Prompt> Search the material for "view" and show all lines that contain it.

=== Section Start ===

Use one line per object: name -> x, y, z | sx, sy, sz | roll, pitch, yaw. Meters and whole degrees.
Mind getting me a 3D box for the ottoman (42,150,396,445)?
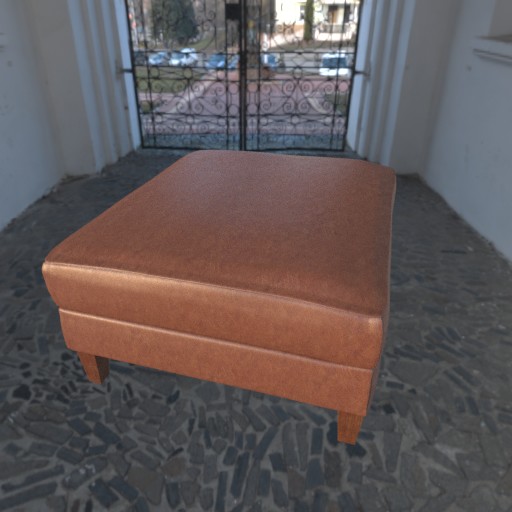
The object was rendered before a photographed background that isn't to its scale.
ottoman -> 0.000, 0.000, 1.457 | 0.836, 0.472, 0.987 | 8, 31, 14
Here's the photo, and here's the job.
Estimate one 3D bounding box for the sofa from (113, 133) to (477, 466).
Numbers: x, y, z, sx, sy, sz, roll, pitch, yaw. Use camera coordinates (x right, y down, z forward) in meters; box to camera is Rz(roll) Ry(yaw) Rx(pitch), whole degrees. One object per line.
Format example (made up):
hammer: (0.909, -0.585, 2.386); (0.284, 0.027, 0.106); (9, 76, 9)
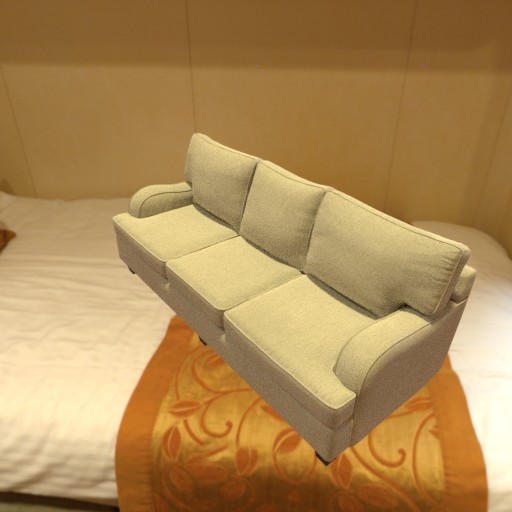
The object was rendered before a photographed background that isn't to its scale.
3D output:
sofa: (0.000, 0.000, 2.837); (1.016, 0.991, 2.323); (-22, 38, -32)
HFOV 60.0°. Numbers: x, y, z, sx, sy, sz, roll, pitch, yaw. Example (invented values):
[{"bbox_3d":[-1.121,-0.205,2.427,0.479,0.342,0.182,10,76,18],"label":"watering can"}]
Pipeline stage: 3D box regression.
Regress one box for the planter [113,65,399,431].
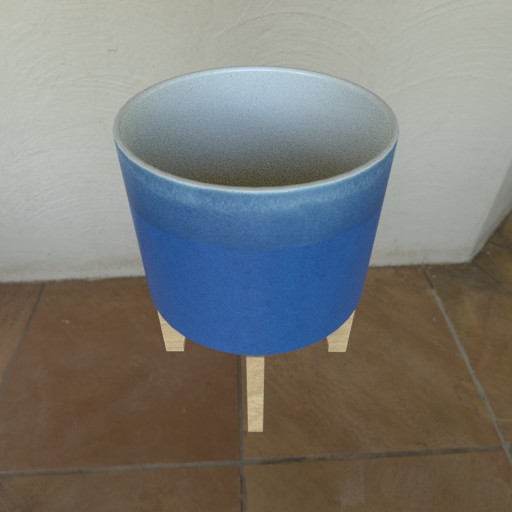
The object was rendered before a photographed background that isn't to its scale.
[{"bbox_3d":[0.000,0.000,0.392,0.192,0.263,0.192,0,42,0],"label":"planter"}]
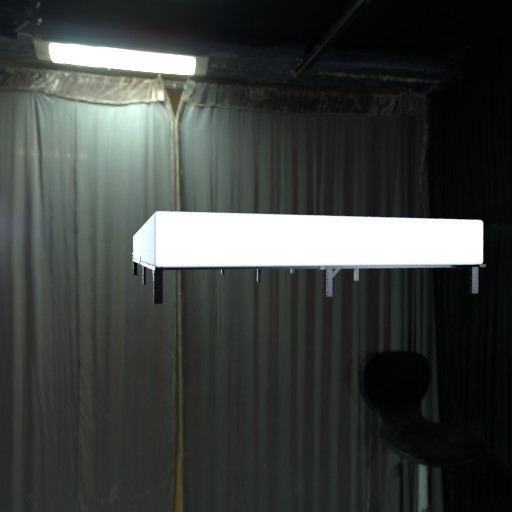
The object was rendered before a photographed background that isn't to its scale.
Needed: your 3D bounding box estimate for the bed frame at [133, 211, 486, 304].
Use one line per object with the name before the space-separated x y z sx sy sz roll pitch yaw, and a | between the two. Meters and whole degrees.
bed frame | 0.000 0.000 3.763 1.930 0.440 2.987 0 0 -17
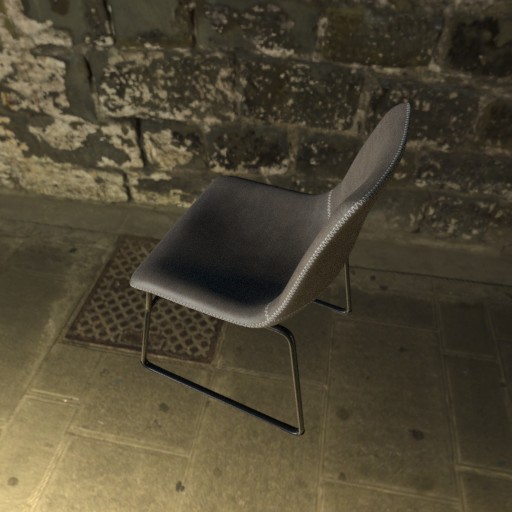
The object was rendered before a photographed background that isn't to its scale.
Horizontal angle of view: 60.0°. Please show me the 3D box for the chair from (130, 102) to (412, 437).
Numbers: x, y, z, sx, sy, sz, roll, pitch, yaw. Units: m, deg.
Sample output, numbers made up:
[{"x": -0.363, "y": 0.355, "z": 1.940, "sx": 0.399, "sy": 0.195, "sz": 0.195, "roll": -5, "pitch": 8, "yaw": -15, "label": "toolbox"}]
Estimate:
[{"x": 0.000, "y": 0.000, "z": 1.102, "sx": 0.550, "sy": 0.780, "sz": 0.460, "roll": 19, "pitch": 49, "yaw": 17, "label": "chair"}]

=== Section End ===
=== Section Start ===

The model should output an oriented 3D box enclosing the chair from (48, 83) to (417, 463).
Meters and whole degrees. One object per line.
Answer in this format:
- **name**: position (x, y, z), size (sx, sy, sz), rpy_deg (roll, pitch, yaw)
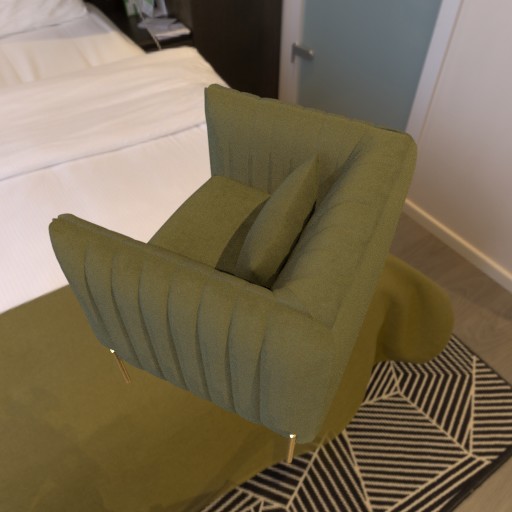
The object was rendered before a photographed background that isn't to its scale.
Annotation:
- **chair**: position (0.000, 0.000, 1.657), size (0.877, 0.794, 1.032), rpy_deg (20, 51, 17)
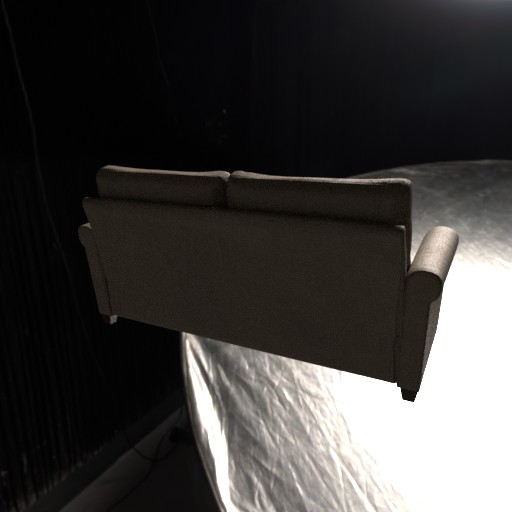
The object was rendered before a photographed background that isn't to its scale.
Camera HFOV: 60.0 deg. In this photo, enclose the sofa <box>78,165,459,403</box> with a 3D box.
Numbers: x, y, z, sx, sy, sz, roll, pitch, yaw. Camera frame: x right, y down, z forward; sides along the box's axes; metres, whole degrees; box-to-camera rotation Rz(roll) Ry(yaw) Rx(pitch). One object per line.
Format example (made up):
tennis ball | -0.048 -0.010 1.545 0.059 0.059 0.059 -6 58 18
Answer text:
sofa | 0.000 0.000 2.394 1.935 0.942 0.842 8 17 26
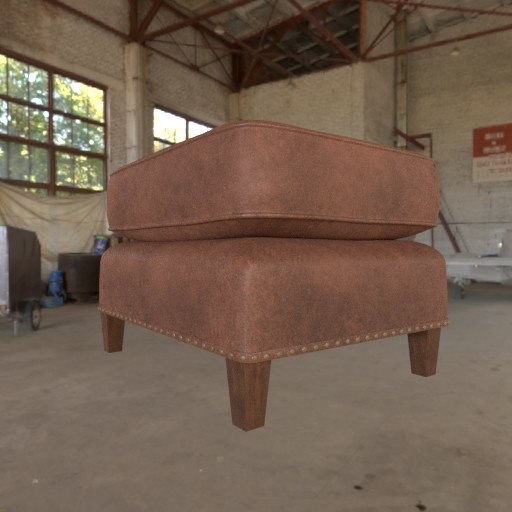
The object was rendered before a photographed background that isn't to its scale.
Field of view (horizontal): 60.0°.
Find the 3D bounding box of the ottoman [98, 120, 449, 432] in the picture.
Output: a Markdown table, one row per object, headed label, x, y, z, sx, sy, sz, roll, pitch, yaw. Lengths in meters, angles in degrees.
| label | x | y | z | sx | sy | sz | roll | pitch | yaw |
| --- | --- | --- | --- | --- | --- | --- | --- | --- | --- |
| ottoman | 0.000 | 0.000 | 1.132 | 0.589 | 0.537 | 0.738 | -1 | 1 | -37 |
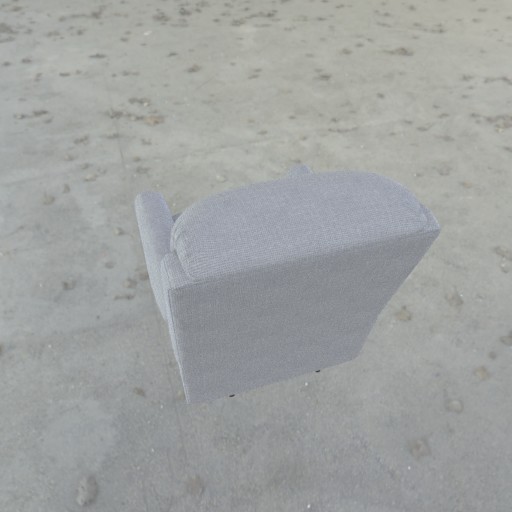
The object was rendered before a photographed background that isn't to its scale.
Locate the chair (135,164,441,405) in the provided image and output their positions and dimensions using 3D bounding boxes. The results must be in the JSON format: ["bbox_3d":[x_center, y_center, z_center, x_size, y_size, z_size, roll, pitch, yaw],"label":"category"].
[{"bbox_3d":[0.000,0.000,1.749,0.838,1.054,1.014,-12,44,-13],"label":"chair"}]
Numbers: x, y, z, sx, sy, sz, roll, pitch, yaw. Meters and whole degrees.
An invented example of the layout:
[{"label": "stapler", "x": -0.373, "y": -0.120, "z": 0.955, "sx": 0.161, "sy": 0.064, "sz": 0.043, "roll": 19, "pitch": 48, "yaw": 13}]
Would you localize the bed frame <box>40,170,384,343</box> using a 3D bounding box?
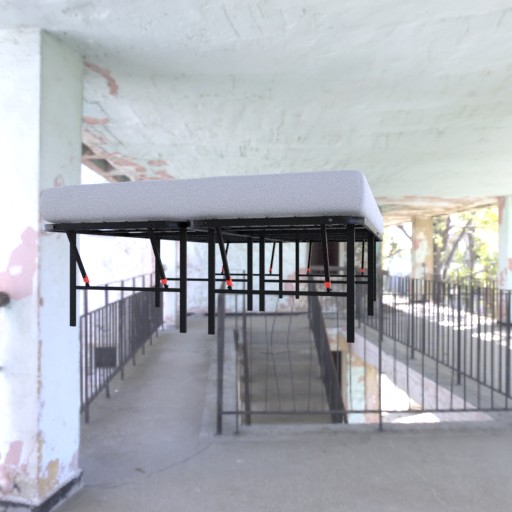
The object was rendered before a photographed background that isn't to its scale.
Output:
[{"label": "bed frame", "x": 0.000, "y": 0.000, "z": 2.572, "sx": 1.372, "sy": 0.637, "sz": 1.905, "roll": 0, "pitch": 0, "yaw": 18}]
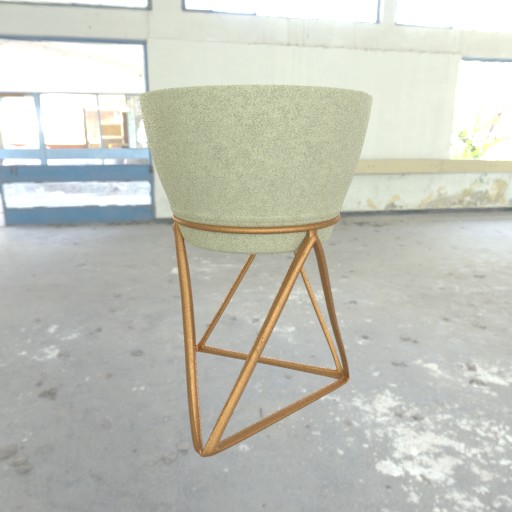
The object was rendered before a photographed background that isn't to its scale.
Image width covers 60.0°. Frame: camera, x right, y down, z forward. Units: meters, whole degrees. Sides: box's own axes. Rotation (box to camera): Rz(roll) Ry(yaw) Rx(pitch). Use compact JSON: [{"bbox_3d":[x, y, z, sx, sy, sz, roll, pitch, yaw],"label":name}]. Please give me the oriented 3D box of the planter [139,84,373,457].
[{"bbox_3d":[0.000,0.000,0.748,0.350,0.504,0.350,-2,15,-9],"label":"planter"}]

=== Section End ===

Reply to the exercise>
Horizontal angle of view: 60.0°. Please show me the 3D box for the chair from (130, 102) to (412, 437).
Field of view (horizontal): 60.0°.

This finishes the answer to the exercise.